##### RECORDS SHOWN #####
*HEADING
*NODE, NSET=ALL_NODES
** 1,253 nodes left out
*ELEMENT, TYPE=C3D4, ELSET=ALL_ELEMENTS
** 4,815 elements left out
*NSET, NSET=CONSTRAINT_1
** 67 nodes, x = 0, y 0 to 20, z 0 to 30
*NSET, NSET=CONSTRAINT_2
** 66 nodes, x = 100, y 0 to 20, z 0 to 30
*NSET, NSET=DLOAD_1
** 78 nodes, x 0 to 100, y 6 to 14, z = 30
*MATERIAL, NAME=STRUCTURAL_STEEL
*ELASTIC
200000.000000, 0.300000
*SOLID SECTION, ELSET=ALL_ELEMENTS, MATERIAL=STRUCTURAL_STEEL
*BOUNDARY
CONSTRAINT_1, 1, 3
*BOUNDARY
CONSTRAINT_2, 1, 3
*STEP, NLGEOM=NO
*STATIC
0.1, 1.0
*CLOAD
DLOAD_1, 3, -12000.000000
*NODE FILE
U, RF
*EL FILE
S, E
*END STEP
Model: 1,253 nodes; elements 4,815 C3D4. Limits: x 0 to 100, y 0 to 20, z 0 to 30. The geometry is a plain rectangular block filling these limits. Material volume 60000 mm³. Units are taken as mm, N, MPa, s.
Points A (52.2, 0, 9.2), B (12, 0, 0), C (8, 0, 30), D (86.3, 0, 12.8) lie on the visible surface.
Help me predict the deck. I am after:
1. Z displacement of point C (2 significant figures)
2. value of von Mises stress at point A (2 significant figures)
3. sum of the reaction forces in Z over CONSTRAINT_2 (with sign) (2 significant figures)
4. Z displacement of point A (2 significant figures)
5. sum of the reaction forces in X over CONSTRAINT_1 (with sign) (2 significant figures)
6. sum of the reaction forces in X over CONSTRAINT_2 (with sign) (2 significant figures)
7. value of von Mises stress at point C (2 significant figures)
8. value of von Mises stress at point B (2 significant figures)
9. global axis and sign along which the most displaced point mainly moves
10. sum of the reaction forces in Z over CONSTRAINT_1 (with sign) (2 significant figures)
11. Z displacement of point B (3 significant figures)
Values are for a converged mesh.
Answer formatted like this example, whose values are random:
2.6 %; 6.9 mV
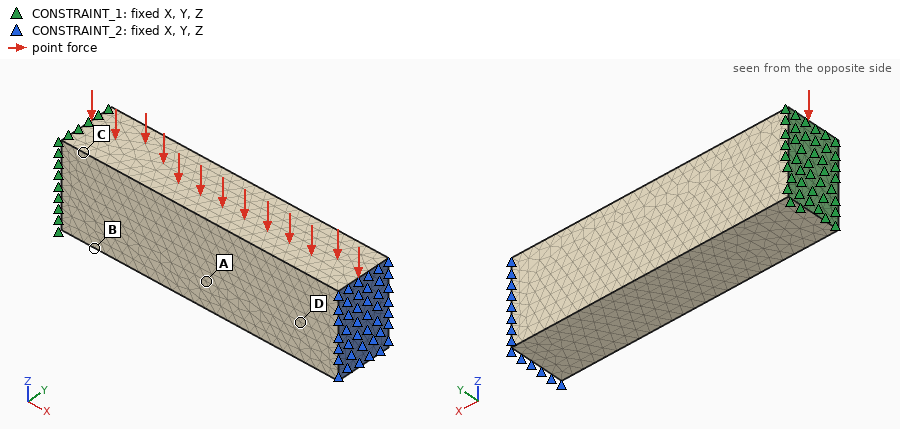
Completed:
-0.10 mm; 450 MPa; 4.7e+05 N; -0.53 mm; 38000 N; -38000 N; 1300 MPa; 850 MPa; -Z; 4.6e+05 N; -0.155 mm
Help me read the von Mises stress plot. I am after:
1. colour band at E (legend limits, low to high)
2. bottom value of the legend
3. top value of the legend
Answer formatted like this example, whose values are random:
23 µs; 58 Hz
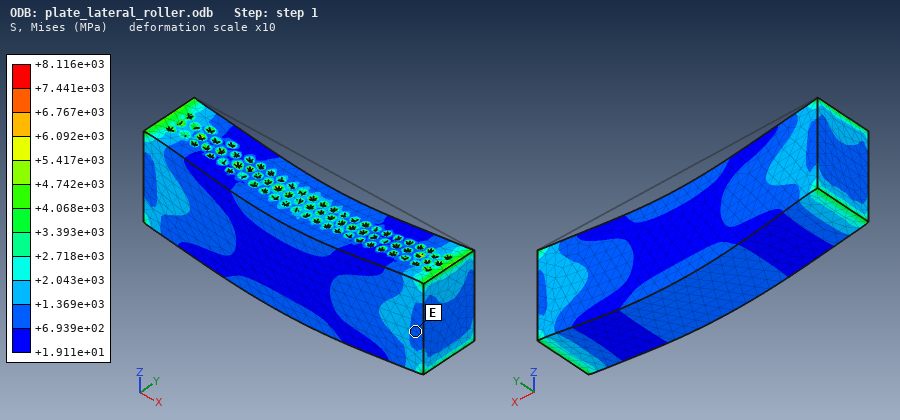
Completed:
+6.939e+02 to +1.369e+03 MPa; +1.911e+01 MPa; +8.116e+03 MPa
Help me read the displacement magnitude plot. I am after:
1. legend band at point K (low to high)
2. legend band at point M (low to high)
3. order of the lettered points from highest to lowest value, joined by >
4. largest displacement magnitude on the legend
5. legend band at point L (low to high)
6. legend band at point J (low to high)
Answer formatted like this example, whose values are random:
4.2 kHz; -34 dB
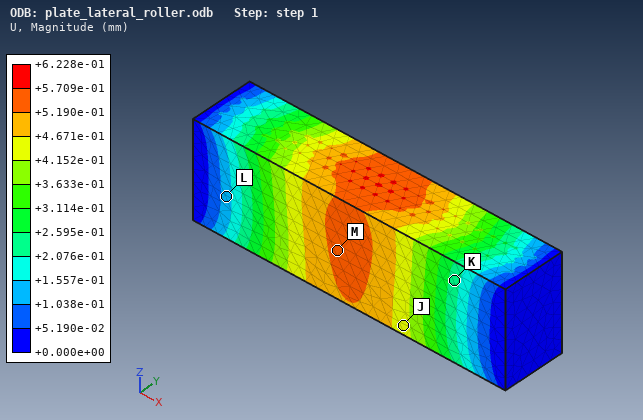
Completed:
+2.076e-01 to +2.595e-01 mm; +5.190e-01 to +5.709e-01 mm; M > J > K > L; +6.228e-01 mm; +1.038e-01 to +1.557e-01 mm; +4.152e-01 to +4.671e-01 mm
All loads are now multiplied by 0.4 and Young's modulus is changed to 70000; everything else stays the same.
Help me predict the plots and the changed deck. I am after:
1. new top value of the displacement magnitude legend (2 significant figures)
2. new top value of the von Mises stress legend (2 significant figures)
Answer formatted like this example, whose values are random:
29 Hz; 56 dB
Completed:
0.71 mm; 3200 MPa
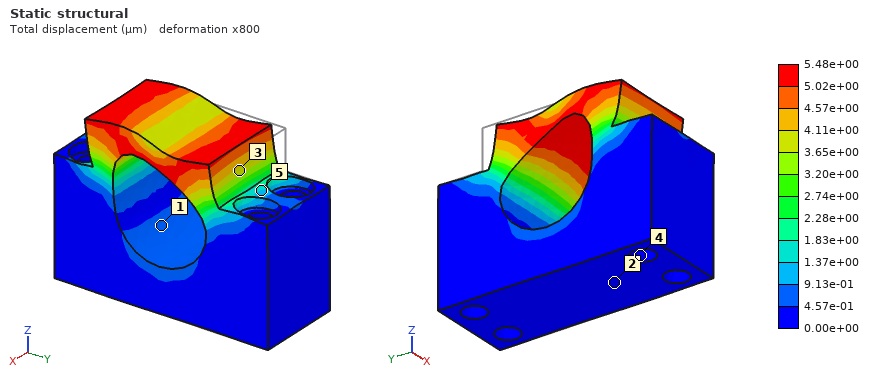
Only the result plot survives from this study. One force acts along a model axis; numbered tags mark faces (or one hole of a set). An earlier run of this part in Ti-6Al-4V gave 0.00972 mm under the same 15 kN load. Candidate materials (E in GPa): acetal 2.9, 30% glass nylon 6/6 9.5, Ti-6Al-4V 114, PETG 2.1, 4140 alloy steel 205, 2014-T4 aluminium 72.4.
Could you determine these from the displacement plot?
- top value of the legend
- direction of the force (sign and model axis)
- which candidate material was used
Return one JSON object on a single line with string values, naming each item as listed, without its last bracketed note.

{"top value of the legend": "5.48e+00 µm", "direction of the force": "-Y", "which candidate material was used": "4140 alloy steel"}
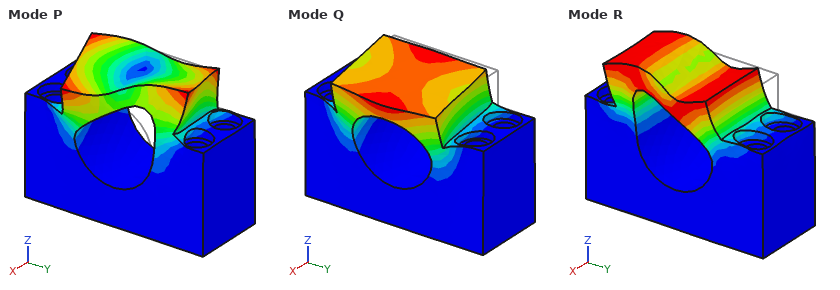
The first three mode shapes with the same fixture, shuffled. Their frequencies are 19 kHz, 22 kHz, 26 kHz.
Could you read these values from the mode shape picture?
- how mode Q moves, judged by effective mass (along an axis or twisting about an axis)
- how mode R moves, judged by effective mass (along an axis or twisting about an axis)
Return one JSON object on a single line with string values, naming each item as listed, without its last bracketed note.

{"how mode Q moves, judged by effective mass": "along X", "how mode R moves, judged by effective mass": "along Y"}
#####
# EXERCISE
Please print out the entries above exactly. The pictures stay out.

# OUTPUT
*HEADING
*NODE, NSET=ALL_NODES
** 1,253 nodes left out
*ELEMENT, TYPE=C3D4, ELSET=ALL_ELEMENTS
** 4,815 elements left out
*NSET, NSET=CONSTRAINT_1
** 67 nodes, x = 0, y 0 to 20, z 0 to 30
*NSET, NSET=CONSTRAINT_2
** 66 nodes, x = 100, y 0 to 20, z 0 to 30
*NSET, NSET=DLOAD_1
** 78 nodes, x 0 to 100, y 6 to 14, z = 30
*MATERIAL, NAME=STRUCTURAL_STEEL
*ELASTIC
200000.000000, 0.300000
*SOLID SECTION, ELSET=ALL_ELEMENTS, MATERIAL=STRUCTURAL_STEEL
*BOUNDARY
CONSTRAINT_1, 1, 3
*BOUNDARY
CONSTRAINT_2, 1, 3
*STEP, NLGEOM=NO
*STATIC
0.1, 1.0
*CLOAD
DLOAD_1, 3, -12000.000000
*NODE FILE
U, RF
*EL FILE
S, E
*END STEP
Model: 1,253 nodes; elements 4,815 C3D4. Limits: x 0 to 100, y 0 to 20, z 0 to 30. The geometry is a plain rectangular block filling these limits. Material volume 60000 mm³. Units are taken as mm, N, MPa, s.
Points A (52.2, 0, 9.2), B (12, 0, 0), C (8, 0, 30), D (86.3, 0, 12.8) lie on the visible surface.
Help me predict the deck. I am after:
1. Z displacement of point C (2 significant figures)
2. value of von Mises stress at point A (2 significant figures)
3. sum of the reaction forces in Z over CONSTRAINT_2 (with sign) (2 significant figures)
4. Z displacement of point A (2 significant figures)
5. sum of the reaction forces in X over CONSTRAINT_1 (with sign) (2 significant figures)
6. sum of the reaction forces in X over CONSTRAINT_2 (with sign) (2 significant figures)
7. value of von Mises stress at point C (2 significant figures)
8. value of von Mises stress at point B (2 significant figures)
9. global axis and sign along which the most displaced point mainly moves
10. sum of the reaction forces in Z over CONSTRAINT_1 (with sign) (2 significant figures)
11. Z displacement of point B (3 significant figures)
Values are for a converged mesh.
Answer formatted like this example, whose values are random:
2.6 %; 6.9 mV
Completed:
-0.10 mm; 450 MPa; 4.7e+05 N; -0.53 mm; 38000 N; -38000 N; 1300 MPa; 850 MPa; -Z; 4.6e+05 N; -0.155 mm
Help me read the von Mises stress plot. I am after:
1. colour band at E (legend limits, low to high)
2. bottom value of the legend
3. top value of the legend
Answer formatted like this example, whose values are random:
23 µs; 58 Hz
Completed:
+6.939e+02 to +1.369e+03 MPa; +1.911e+01 MPa; +8.116e+03 MPa
Help me read the displacement magnitude plot. I am after:
1. legend band at point K (low to high)
2. legend band at point M (low to high)
3. order of the lettered points from highest to lowest value, joined by >
4. largest displacement magnitude on the legend
5. legend band at point L (low to high)
6. legend band at point J (low to high)
Answer formatted like this example, whose values are random:
4.2 kHz; -34 dB
Completed:
+2.076e-01 to +2.595e-01 mm; +5.190e-01 to +5.709e-01 mm; M > J > K > L; +6.228e-01 mm; +1.038e-01 to +1.557e-01 mm; +4.152e-01 to +4.671e-01 mm
All loads are now multiplied by 0.4 and Young's modulus is changed to 70000; everything else stays the same.
Help me predict the plots and the changed deck. I am after:
1. new top value of the displacement magnitude legend (2 significant figures)
2. new top value of the von Mises stress legend (2 significant figures)
Answer formatted like this example, whose values are random:
29 Hz; 56 dB
Completed:
0.71 mm; 3200 MPa
Only the result plot survives from this study. One force acts along a model axis; numbered tags mark faces (or one hole of a set). An earlier run of this part in Ti-6Al-4V gave 0.00972 mm under the same 15 kN load. Candidate materials (E in GPa): acetal 2.9, 30% glass nylon 6/6 9.5, Ti-6Al-4V 114, PETG 2.1, 4140 alloy steel 205, 2014-T4 aluminium 72.4.
Could you determine these from the displacement plot?
- top value of the legend
- direction of the force (sign and model axis)
- which candidate material was used
Return one JSON object on a single line with string values, naming each item as listed, without its last bracketed note.

{"top value of the legend": "5.48e+00 µm", "direction of the force": "-Y", "which candidate material was used": "4140 alloy steel"}
The first three mode shapes with the same fixture, shuffled. Their frequencies are 19 kHz, 22 kHz, 26 kHz.
Could you read these values from the mode shape picture?
- how mode Q moves, judged by effective mass (along an axis or twisting about an axis)
- how mode R moves, judged by effective mass (along an axis or twisting about an axis)
Return one JSON object on a single line with string values, naming each item as listed, without its last bracketed note.

{"how mode Q moves, judged by effective mass": "along X", "how mode R moves, judged by effective mass": "along Y"}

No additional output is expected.